In de periode 1960-1980 ontwikkelde zich zelfs een beweging tegen politieke leiders en staatshoofden die niet volgens de sharia regeren; op basis van takfir zouden deze leiders eveneens kafirs zijn. President Sadat van Egypte werd zodoende in 1981 vermoord.[6]

Kafir in de Koran bewerken

In de Koran is 'kafiroen' een van de stereotiepe zegswijzen. Hierbij worden de ongelovigen aangesproken. Volgens tafsir betreft het dan de Mekkanen, later de bewoners van Medina en ten slotte de bedoeïenen van Arabië.[8] De omstandigheden of de oorzaken van de Openbaring zijn niet altijd bekend. Duidelijk is wel dat uitdrukkingen betreffende geloof, ongeloof of huichelarij in verband staan met houdingen zoals concrete mensen in Mohammeds omgeving die aannamen.[9]

In de Koran worden strenge veroordelingen uitgesproken voor ongelovigheid, godslastering of ongehoorzaamheid aan de wil van God. Islam betekent tenslotte onderwerping aan de wil van God. In de praktijk gaat menig moslim ervan uit dat iedere moslim een eigen verantwoordelijkheid heeft tegenover God en zal het woord dus niet snel gebruikt worden.

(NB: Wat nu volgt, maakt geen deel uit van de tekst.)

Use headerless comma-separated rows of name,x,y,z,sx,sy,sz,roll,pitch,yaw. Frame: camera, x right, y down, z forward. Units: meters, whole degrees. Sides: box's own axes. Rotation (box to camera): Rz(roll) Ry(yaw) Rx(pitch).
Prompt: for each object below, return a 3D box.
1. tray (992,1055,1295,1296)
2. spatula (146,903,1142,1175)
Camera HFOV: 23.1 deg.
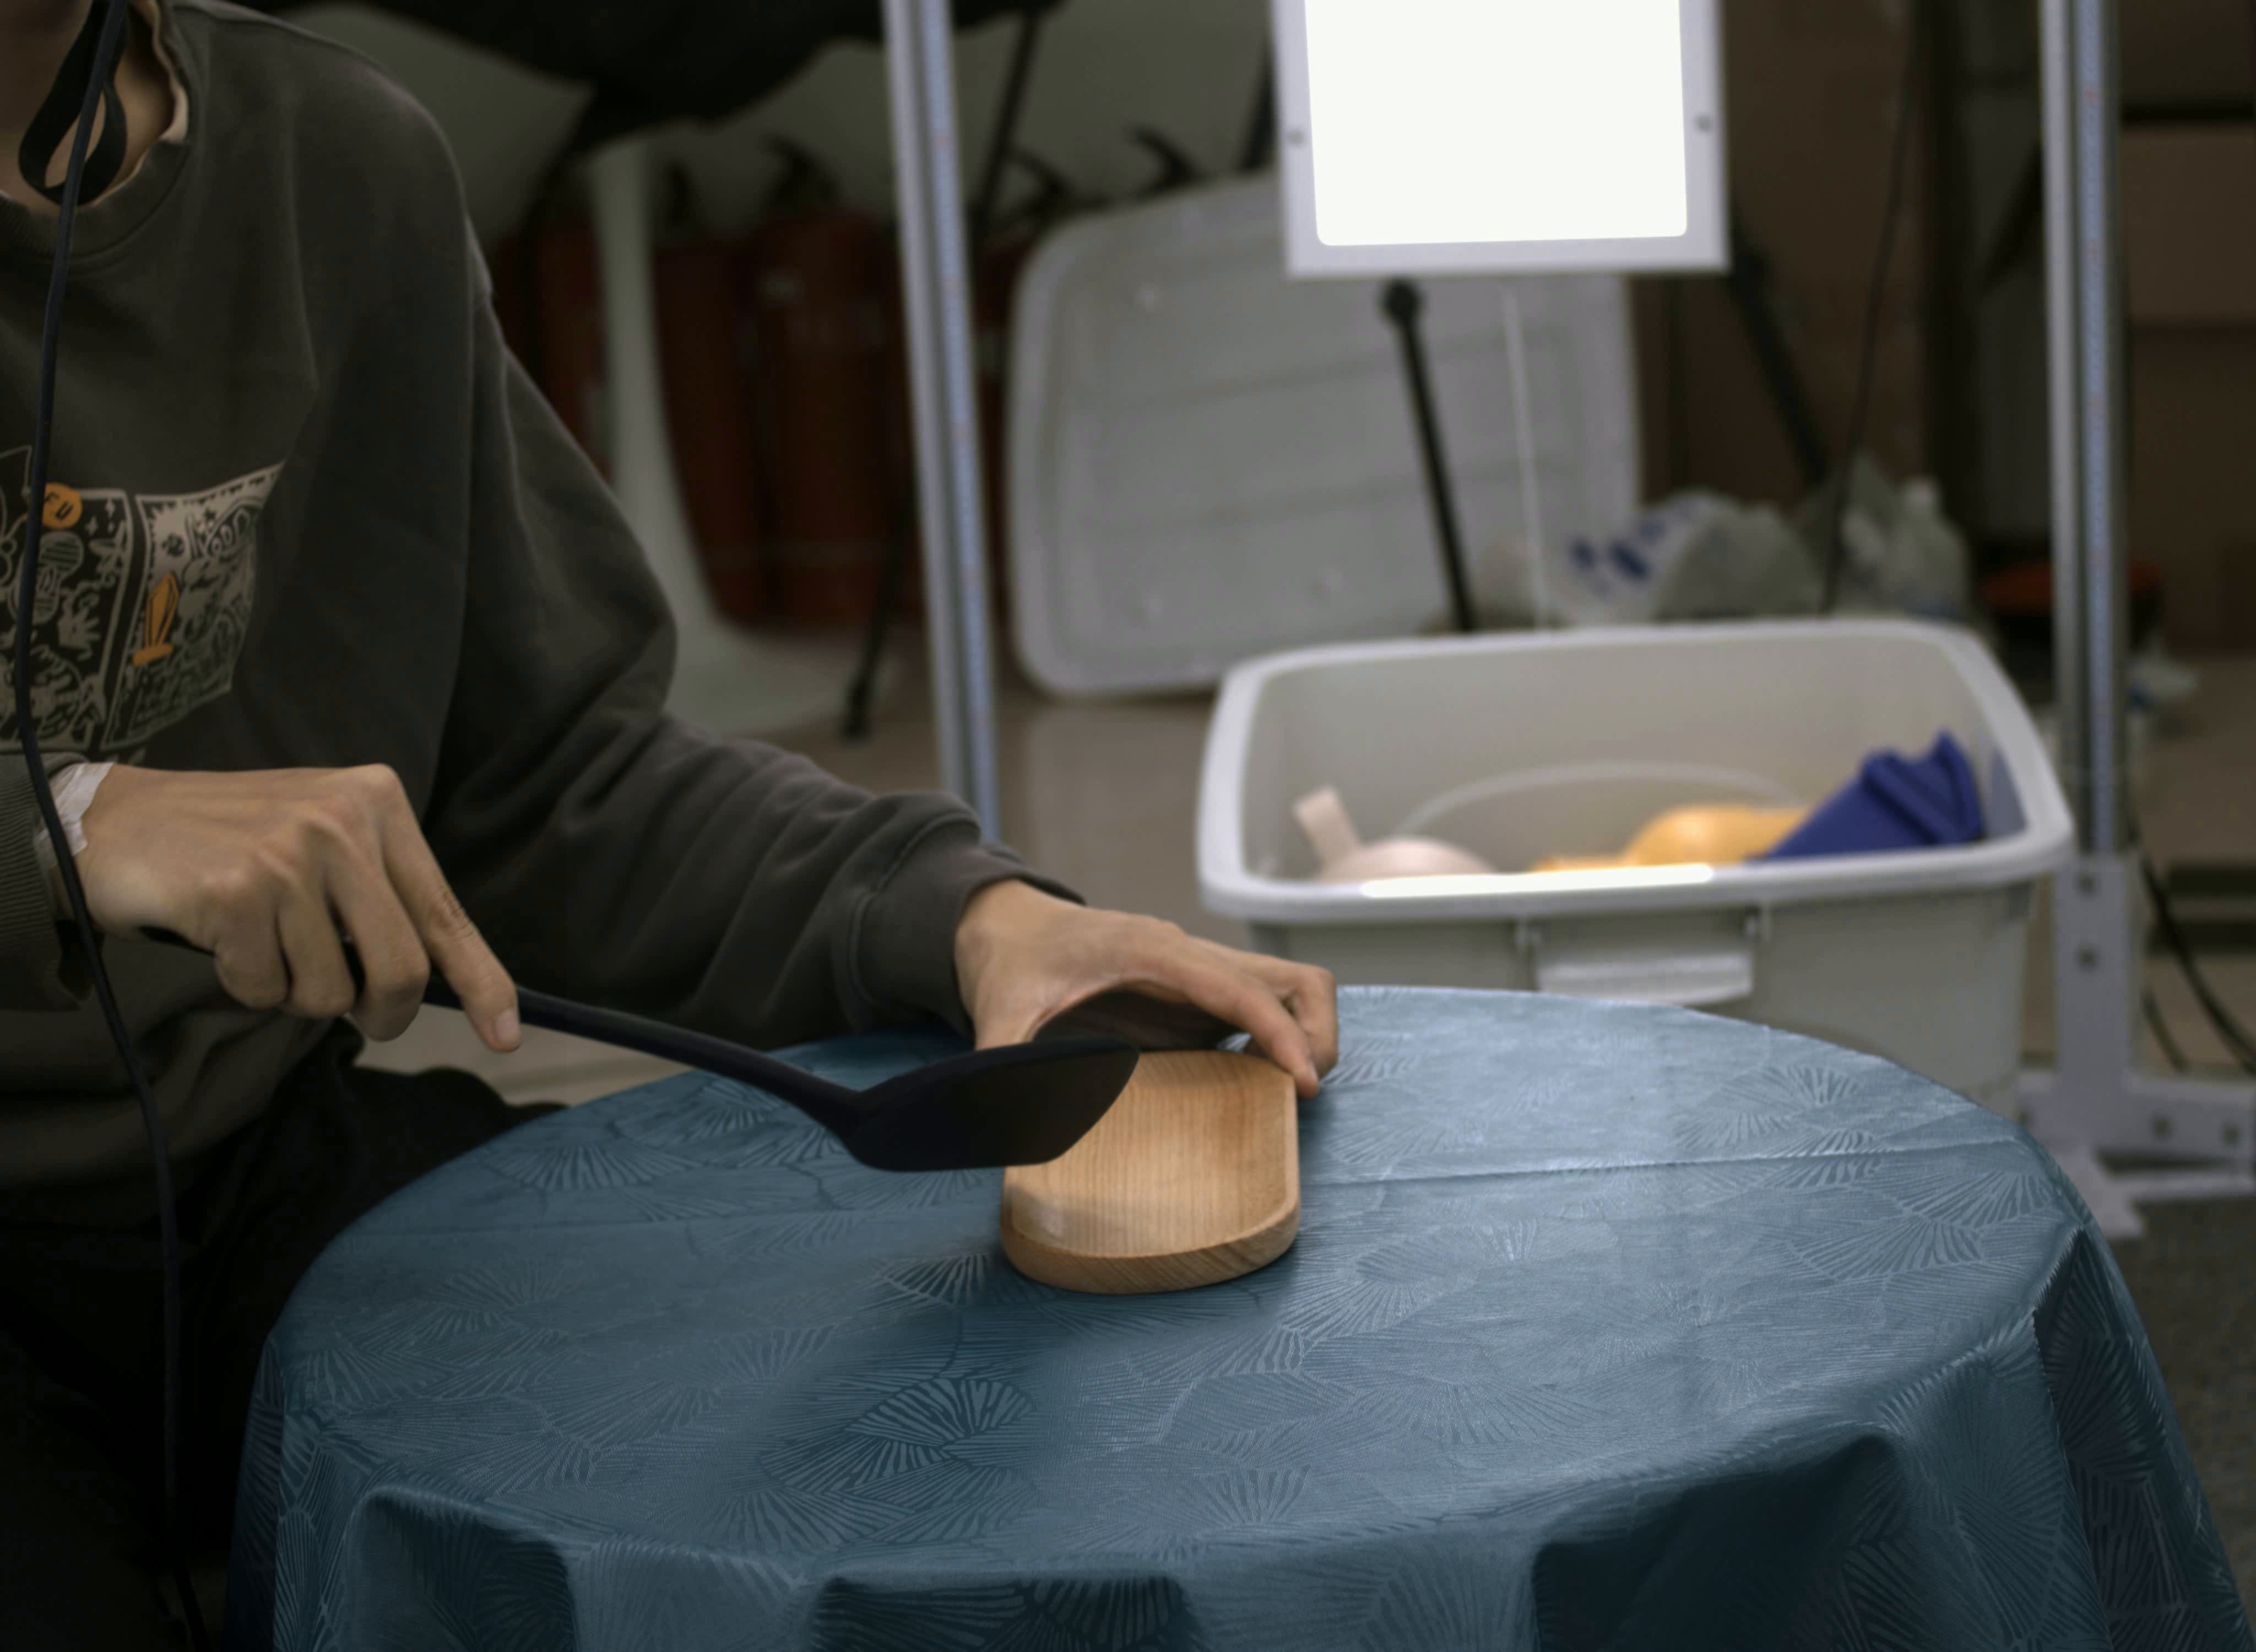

In soera De Koe 34 moeten de engelen buigen voor Adam, maar Iblis, de satan, weigert dit, waarna hij volgens de aya tot de ongelovigen (kafirin) wordt gerekend. Feitelijk betekent het woord 'ondankbaar jegens God', omdat het in deze context moeilijk voor te stellen is dat Iblis niet meer in God gelooft, terwijl hij zojuist met God gesproken heeft.[10]

´´Kafiristan ´´ bewerken

De afgelegen bosrijke noordoostelijke Afghaanse provincie Nooristan of Nūristān (ook wel gespeld als Nuristan of Nurestan) (Pasjtoe: نورستان) werd en wordt soms ook wel aangduid als ´´Kafiristan´: land van de ongelovigen. Dit omdat dit het laatste gebied in Afghanistan was waar de bevolking zich tot de Islam zou bekeren. De plaatselijke bevolking is er blond en blauwogig: een theorie is dat zij nazaten zijn van de troepen van Alexander de Grote, Toen de troepen van de Sovjetunie in 1979 in de Afghaanse Oorlog (1979-1989) het land binnenvielen en ook deze afgelegen provincie trachtten te bezetten. stuitten zij hier tot hun verbijstering op een ongekende vorm van verzet: sluipschutters die zich bedienden van een onhoorbaar wapen: pijl en boog.